#### [MATERIAL TO PROCESS]
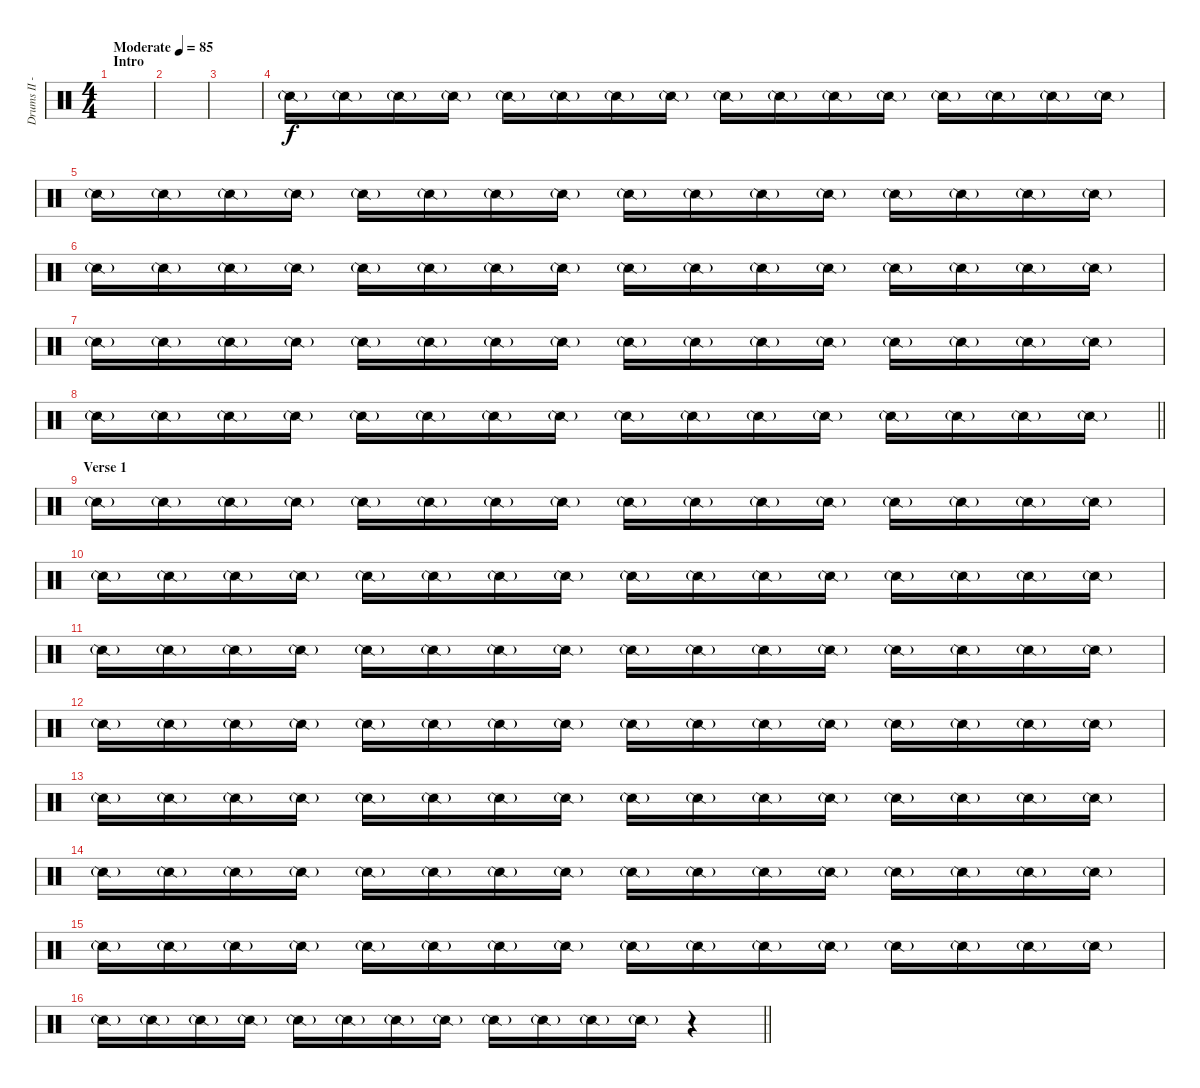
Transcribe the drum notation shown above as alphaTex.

\track ("Drums II - Adam" "Drums II -") {instrument percussion}
\staff {score}
\articulation defaults
\ts (4 4)
\section ("" "Intro")
\tempo (85 "Moderate")
\clef neutral
\ks c
|
|
|
"Snare (side stick) 2"{g}.16 "Snare (side stick) 2"{g}.16 "Snare (side stick) 2"{g}.16 "Snare (side stick) 2"{g}.16 "Snare (side stick) 2"{g}.16 "Snare (side stick) 2"{g}.16 "Snare (side stick) 2"{g}.16 "Snare (side stick) 2"{g}.16 "Snare (side stick) 2"{g}.16 "Snare (side stick) 2"{g}.16 "Snare (side stick) 2"{g}.16 "Snare (side stick) 2"{g}.16 "Snare (side stick) 2"{g}.16 "Snare (side stick) 2"{g}.16 "Snare (side stick) 2"{g}.16 "Snare (side stick) 2"{g}.16 |
"Snare (side stick) 2"{g}.16 "Snare (side stick) 2"{g}.16 "Snare (side stick) 2"{g}.16 "Snare (side stick) 2"{g}.16 "Snare (side stick) 2"{g}.16 "Snare (side stick) 2"{g}.16 "Snare (side stick) 2"{g}.16 "Snare (side stick) 2"{g}.16 "Snare (side stick) 2"{g}.16 "Snare (side stick) 2"{g}.16 "Snare (side stick) 2"{g}.16 "Snare (side stick) 2"{g}.16 "Snare (side stick) 2"{g}.16 "Snare (side stick) 2"{g}.16 "Snare (side stick) 2"{g}.16 "Snare (side stick) 2"{g}.16 |
"Snare (side stick) 2"{g}.16 "Snare (side stick) 2"{g}.16 "Snare (side stick) 2"{g}.16 "Snare (side stick) 2"{g}.16 "Snare (side stick) 2"{g}.16 "Snare (side stick) 2"{g}.16 "Snare (side stick) 2"{g}.16 "Snare (side stick) 2"{g}.16 "Snare (side stick) 2"{g}.16 "Snare (side stick) 2"{g}.16 "Snare (side stick) 2"{g}.16 "Snare (side stick) 2"{g}.16 "Snare (side stick) 2"{g}.16 "Snare (side stick) 2"{g}.16 "Snare (side stick) 2"{g}.16 "Snare (side stick) 2"{g}.16 |
"Snare (side stick) 2"{g}.16 "Snare (side stick) 2"{g}.16 "Snare (side stick) 2"{g}.16 "Snare (side stick) 2"{g}.16 "Snare (side stick) 2"{g}.16 "Snare (side stick) 2"{g}.16 "Snare (side stick) 2"{g}.16 "Snare (side stick) 2"{g}.16 "Snare (side stick) 2"{g}.16 "Snare (side stick) 2"{g}.16 "Snare (side stick) 2"{g}.16 "Snare (side stick) 2"{g}.16 "Snare (side stick) 2"{g}.16 "Snare (side stick) 2"{g}.16 "Snare (side stick) 2"{g}.16 "Snare (side stick) 2"{g}.16 |
\barLineRight lightlight "Snare (side stick) 2"{g}.16 "Snare (side stick) 2"{g}.16 "Snare (side stick) 2"{g}.16 "Snare (side stick) 2"{g}.16 "Snare (side stick) 2"{g}.16 "Snare (side stick) 2"{g}.16 "Snare (side stick) 2"{g}.16 "Snare (side stick) 2"{g}.16 "Snare (side stick) 2"{g}.16 "Snare (side stick) 2"{g}.16 "Snare (side stick) 2"{g}.16 "Snare (side stick) 2"{g}.16 "Snare (side stick) 2"{g}.16 "Snare (side stick) 2"{g}.16 "Snare (side stick) 2"{g}.16 "Snare (side stick) 2"{g}.16
|
\section ("" "Verse 1")
"Snare (side stick) 2"{g}.16 "Snare (side stick) 2"{g}.16 "Snare (side stick) 2"{g}.16 "Snare (side stick) 2"{g}.16 "Snare (side stick) 2"{g}.16 "Snare (side stick) 2"{g}.16 "Snare (side stick) 2"{g}.16 "Snare (side stick) 2"{g}.16 "Snare (side stick) 2"{g}.16 "Snare (side stick) 2"{g}.16 "Snare (side stick) 2"{g}.16 "Snare (side stick) 2"{g}.16 "Snare (side stick) 2"{g}.16 "Snare (side stick) 2"{g}.16 "Snare (side stick) 2"{g}.16 "Snare (side stick) 2"{g}.16 |
"Snare (side stick) 2"{g}.16 "Snare (side stick) 2"{g}.16 "Snare (side stick) 2"{g}.16 "Snare (side stick) 2"{g}.16 "Snare (side stick) 2"{g}.16 "Snare (side stick) 2"{g}.16 "Snare (side stick) 2"{g}.16 "Snare (side stick) 2"{g}.16 "Snare (side stick) 2"{g}.16 "Snare (side stick) 2"{g}.16 "Snare (side stick) 2"{g}.16 "Snare (side stick) 2"{g}.16 "Snare (side stick) 2"{g}.16 "Snare (side stick) 2"{g}.16 "Snare (side stick) 2"{g}.16 "Snare (side stick) 2"{g}.16 |
"Snare (side stick) 2"{g}.16 "Snare (side stick) 2"{g}.16 "Snare (side stick) 2"{g}.16 "Snare (side stick) 2"{g}.16 "Snare (side stick) 2"{g}.16 "Snare (side stick) 2"{g}.16 "Snare (side stick) 2"{g}.16 "Snare (side stick) 2"{g}.16 "Snare (side stick) 2"{g}.16 "Snare (side stick) 2"{g}.16 "Snare (side stick) 2"{g}.16 "Snare (side stick) 2"{g}.16 "Snare (side stick) 2"{g}.16 "Snare (side stick) 2"{g}.16 "Snare (side stick) 2"{g}.16 "Snare (side stick) 2"{g}.16 |
"Snare (side stick) 2"{g}.16 "Snare (side stick) 2"{g}.16 "Snare (side stick) 2"{g}.16 "Snare (side stick) 2"{g}.16 "Snare (side stick) 2"{g}.16 "Snare (side stick) 2"{g}.16 "Snare (side stick) 2"{g}.16 "Snare (side stick) 2"{g}.16 "Snare (side stick) 2"{g}.16 "Snare (side stick) 2"{g}.16 "Snare (side stick) 2"{g}.16 "Snare (side stick) 2"{g}.16 "Snare (side stick) 2"{g}.16 "Snare (side stick) 2"{g}.16 "Snare (side stick) 2"{g}.16 "Snare (side stick) 2"{g}.16 |
"Snare (side stick) 2"{g}.16 "Snare (side stick) 2"{g}.16 "Snare (side stick) 2"{g}.16 "Snare (side stick) 2"{g}.16 "Snare (side stick) 2"{g}.16 "Snare (side stick) 2"{g}.16 "Snare (side stick) 2"{g}.16 "Snare (side stick) 2"{g}.16 "Snare (side stick) 2"{g}.16 "Snare (side stick) 2"{g}.16 "Snare (side stick) 2"{g}.16 "Snare (side stick) 2"{g}.16 "Snare (side stick) 2"{g}.16 "Snare (side stick) 2"{g}.16 "Snare (side stick) 2"{g}.16 "Snare (side stick) 2"{g}.16 |
"Snare (side stick) 2"{g}.16 "Snare (side stick) 2"{g}.16 "Snare (side stick) 2"{g}.16 "Snare (side stick) 2"{g}.16 "Snare (side stick) 2"{g}.16 "Snare (side stick) 2"{g}.16 "Snare (side stick) 2"{g}.16 "Snare (side stick) 2"{g}.16 "Snare (side stick) 2"{g}.16 "Snare (side stick) 2"{g}.16 "Snare (side stick) 2"{g}.16 "Snare (side stick) 2"{g}.16 "Snare (side stick) 2"{g}.16 "Snare (side stick) 2"{g}.16 "Snare (side stick) 2"{g}.16 "Snare (side stick) 2"{g}.16 |
"Snare (side stick) 2"{g}.16 "Snare (side stick) 2"{g}.16 "Snare (side stick) 2"{g}.16 "Snare (side stick) 2"{g}.16 "Snare (side stick) 2"{g}.16 "Snare (side stick) 2"{g}.16 "Snare (side stick) 2"{g}.16 "Snare (side stick) 2"{g}.16 "Snare (side stick) 2"{g}.16 "Snare (side stick) 2"{g}.16 "Snare (side stick) 2"{g}.16 "Snare (side stick) 2"{g}.16 "Snare (side stick) 2"{g}.16 "Snare (side stick) 2"{g}.16 "Snare (side stick) 2"{g}.16 "Snare (side stick) 2"{g}.16 |
\barLineRight lightlight "Snare (side stick) 2"{g}.16 "Snare (side stick) 2"{g}.16 "Snare (side stick) 2"{g}.16 "Snare (side stick) 2"{g}.16 "Snare (side stick) 2"{g}.16 "Snare (side stick) 2"{g}.16 "Snare (side stick) 2"{g}.16 "Snare (side stick) 2"{g}.16 "Snare (side stick) 2"{g}.16 "Snare (side stick) 2"{g}.16 "Snare (side stick) 2"{g}.16 "Snare (side stick) 2"{g}.16
r.4

#### [TO DO]
Check each line of the listing for "barLineRight", and copy the ones that hold it.

#### [ANSWER BOX]
\barLineRight lightlight "Snare (side stick) 2"{g}.16 "Snare (side stick) 2"{g}.16 "Snare (side stick) 2"{g}.16 "Snare (side stick) 2"{g}.16 "Snare (side stick) 2"{g}.16 "Snare (side stick) 2"{g}.16 "Snare (side stick) 2"{g}.16 "Snare (side stick) 2"{g}.16 "Snare (side stick) 2"{g}.16 "Snare (side stick) 2"{g}.16 "Snare (side stick) 2"{g}.16 "Snare (side stick) 2"{g}.16 "Snare (side stick) 2"{g}.16 "Snare (side stick) 2"{g}.16 "Snare (side stick) 2"{g}.16 "Snare (side stick) 2"{g}.16
\barLineRight lightlight "Snare (side stick) 2"{g}.16 "Snare (side stick) 2"{g}.16 "Snare (side stick) 2"{g}.16 "Snare (side stick) 2"{g}.16 "Snare (side stick) 2"{g}.16 "Snare (side stick) 2"{g}.16 "Snare (side stick) 2"{g}.16 "Snare (side stick) 2"{g}.16 "Snare (side stick) 2"{g}.16 "Snare (side stick) 2"{g}.16 "Snare (side stick) 2"{g}.16 "Snare (side stick) 2"{g}.16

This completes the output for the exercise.